The results presented for Wood buildings (Fig. 7) show very clearly that buildings which have been impacted will rapidly reach high probabilities of collapse (i.e., >0.9), from flow depths and velocities as low as 2.5 m and 5.4 m/s, respectively. On the other hand, buildings which have not been impacted will experience a milder increase in collapse probability with flow depth and particularly velocities, ultimately reaching the higher probability range for a combination of very high depths and velocities.
The evolution of collapse probabilities for Masonry buildings (Fig. 8) behaves similarly to the one of Wood buildings. Again the occurrence of debris impact seems to trigger a much steeper rise in damage probability in comparison with the no impact case. However, compared to Wood buildings, high probabilities of collapse (>90 %) when the structure has been impacted seem to occur after flow depth and velocity have reached higher values (7 m and 9.5 m/s, respectively). According to the present results, buildings which have not been impacted would reach a 90 % collapse probability for a combination for moderately severe flow conditions (a flow depth of 4 m associated with a flow velocity of 6 m/s). This can be explained by the fact that Masonry structures are relatively more resistant than Wood buildings (Leone et al. 2011; Suppasri et al. 2013a, b). In addition, it can be noticed from Fig. 8 that the range of flow depths and velocities available for buildings which have not been impacted is very reduced in comparison with the impact case. A meaningful extrapolation and interpretation of the fragility surface beyond the range of the available data would require additional statistical prediction methods to be discussed and applied; however, it is expected for larger values of tsunami IMs the shape of the fragility surface in the no impact case would resemble the one for Wood buildings.

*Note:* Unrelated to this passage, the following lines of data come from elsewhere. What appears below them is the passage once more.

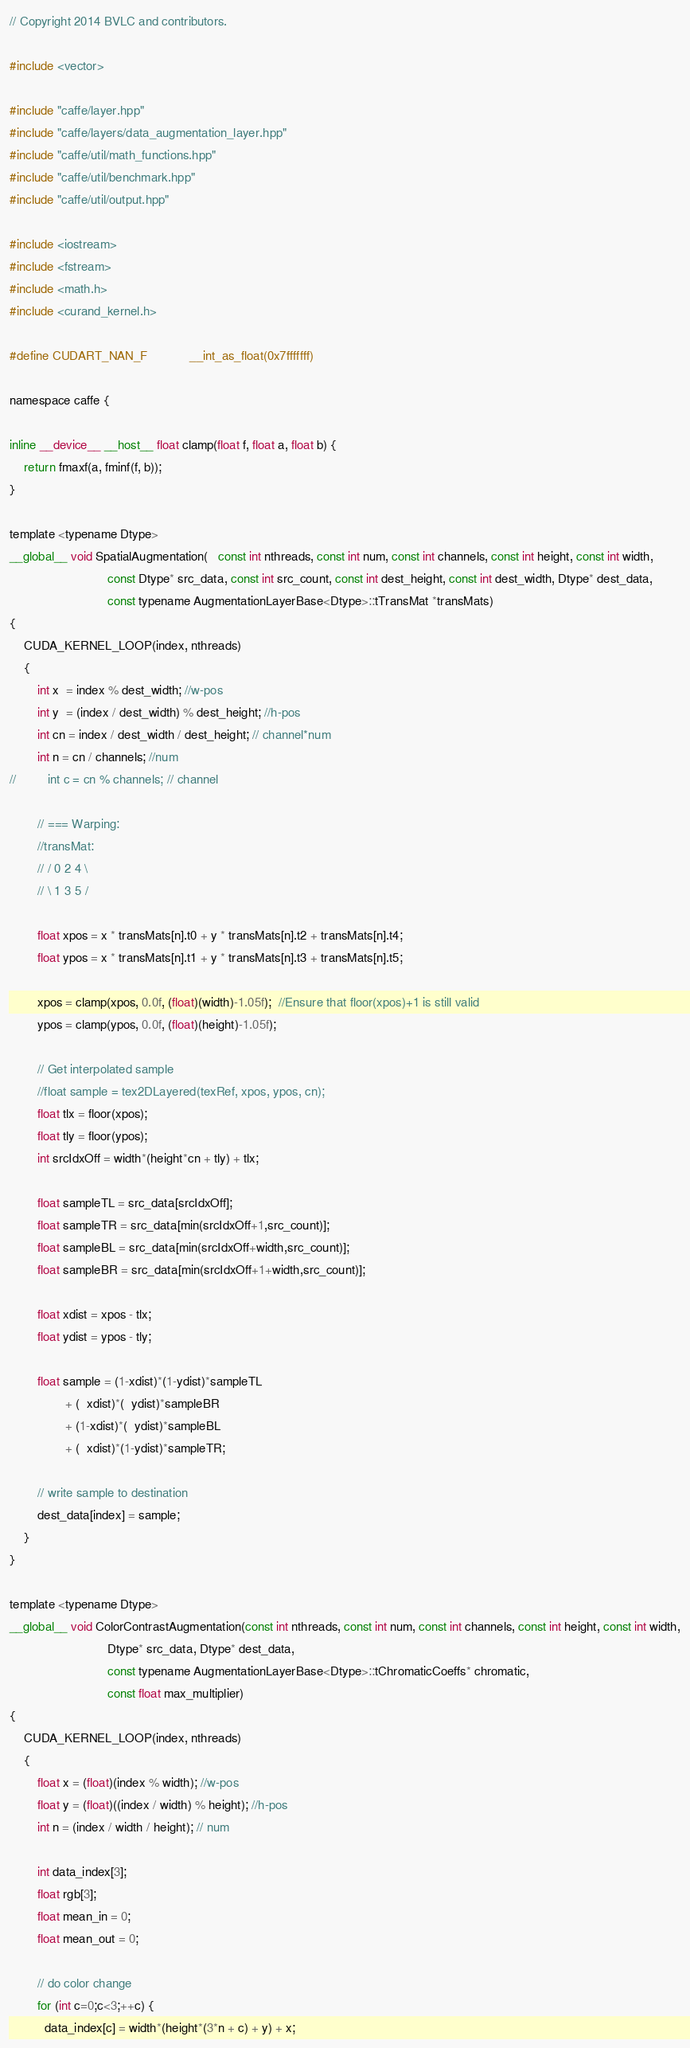Convert code to text. <code><loc_0><loc_0><loc_500><loc_500><_Cuda_>// Copyright 2014 BVLC and contributors.

#include <vector>

#include "caffe/layer.hpp"
#include "caffe/layers/data_augmentation_layer.hpp"
#include "caffe/util/math_functions.hpp"
#include "caffe/util/benchmark.hpp"
#include "caffe/util/output.hpp"

#include <iostream>
#include <fstream>
#include <math.h>
#include <curand_kernel.h>

#define CUDART_NAN_F            __int_as_float(0x7fffffff)

namespace caffe {

inline __device__ __host__ float clamp(float f, float a, float b) {
    return fmaxf(a, fminf(f, b));
}

template <typename Dtype> 
__global__ void SpatialAugmentation(   const int nthreads, const int num, const int channels, const int height, const int width,
                            const Dtype* src_data, const int src_count, const int dest_height, const int dest_width, Dtype* dest_data,
                            const typename AugmentationLayerBase<Dtype>::tTransMat *transMats)
{
    CUDA_KERNEL_LOOP(index, nthreads)
    {
        int x  = index % dest_width; //w-pos
        int y  = (index / dest_width) % dest_height; //h-pos
        int cn = index / dest_width / dest_height; // channel*num
        int n = cn / channels; //num
//         int c = cn % channels; // channel

        // === Warping:
        //transMat:
        // / 0 2 4 \
        // \ 1 3 5 /

        float xpos = x * transMats[n].t0 + y * transMats[n].t2 + transMats[n].t4;
        float ypos = x * transMats[n].t1 + y * transMats[n].t3 + transMats[n].t5;

        xpos = clamp(xpos, 0.0f, (float)(width)-1.05f);  //Ensure that floor(xpos)+1 is still valid
        ypos = clamp(ypos, 0.0f, (float)(height)-1.05f);

        // Get interpolated sample
        //float sample = tex2DLayered(texRef, xpos, ypos, cn);
        float tlx = floor(xpos);
        float tly = floor(ypos);
        int srcIdxOff = width*(height*cn + tly) + tlx;

        float sampleTL = src_data[srcIdxOff];
        float sampleTR = src_data[min(srcIdxOff+1,src_count)];
        float sampleBL = src_data[min(srcIdxOff+width,src_count)];
        float sampleBR = src_data[min(srcIdxOff+1+width,src_count)];

        float xdist = xpos - tlx;
        float ydist = ypos - tly;

        float sample = (1-xdist)*(1-ydist)*sampleTL
                + (  xdist)*(  ydist)*sampleBR
                + (1-xdist)*(  ydist)*sampleBL
                + (  xdist)*(1-ydist)*sampleTR;

        // write sample to destination
        dest_data[index] = sample;
    }
}

template <typename Dtype> 
__global__ void ColorContrastAugmentation(const int nthreads, const int num, const int channels, const int height, const int width,
                            Dtype* src_data, Dtype* dest_data,
                            const typename AugmentationLayerBase<Dtype>::tChromaticCoeffs* chromatic,
                            const float max_multiplier)
{
    CUDA_KERNEL_LOOP(index, nthreads)
    {
        float x = (float)(index % width); //w-pos
        float y = (float)((index / width) % height); //h-pos
        int n = (index / width / height); // num

        int data_index[3];
        float rgb[3];
        float mean_in = 0;
        float mean_out = 0;
               
        // do color change
        for (int c=0;c<3;++c) {
          data_index[c] = width*(height*(3*n + c) + y) + x;</code>

The fragility surfaces for RC buildings (Fig. 9) also show an important increase in collapse probability in the case of debris impact, with very rare occurrences of collapse when the building is not impacted. Similarly to the dataset for Masonry buildings, the range of flow depths and velocities in the no impact case is much smaller than in the impact case, with most expected probabilities of collapse being very small (i.e., <0.15). The shape of the corresponding fragility surface for larger values of these IMs is thus difficult to infer. In line with previous studies (Rossetto et al. 2007; Mas et al. 2012; Suppasri et al. 2013a, b), the much steeper fragility surfaces for Wood and Masonry structures show that RC buildings are more resistant to tsunami loads. An interesting feature of the fragility surface corresponding to impacted buildings is the visibly stronger influence of flow velocity on the rate of increase in damage probability, compared to flow depth. This could be expected as the dynamic impact force is proportional to the square of the flow velocity, although such relativity between the effects of the two variables seems less prominent in the case of weaker structural types. This indicates that hydrostatic loads alone may not significantly determine RC building collapse, and is consistent with previous findings demonstrating flow depth alone to be a poor predictor of tsunami damage for RC structures (Charvet et al. 2014b).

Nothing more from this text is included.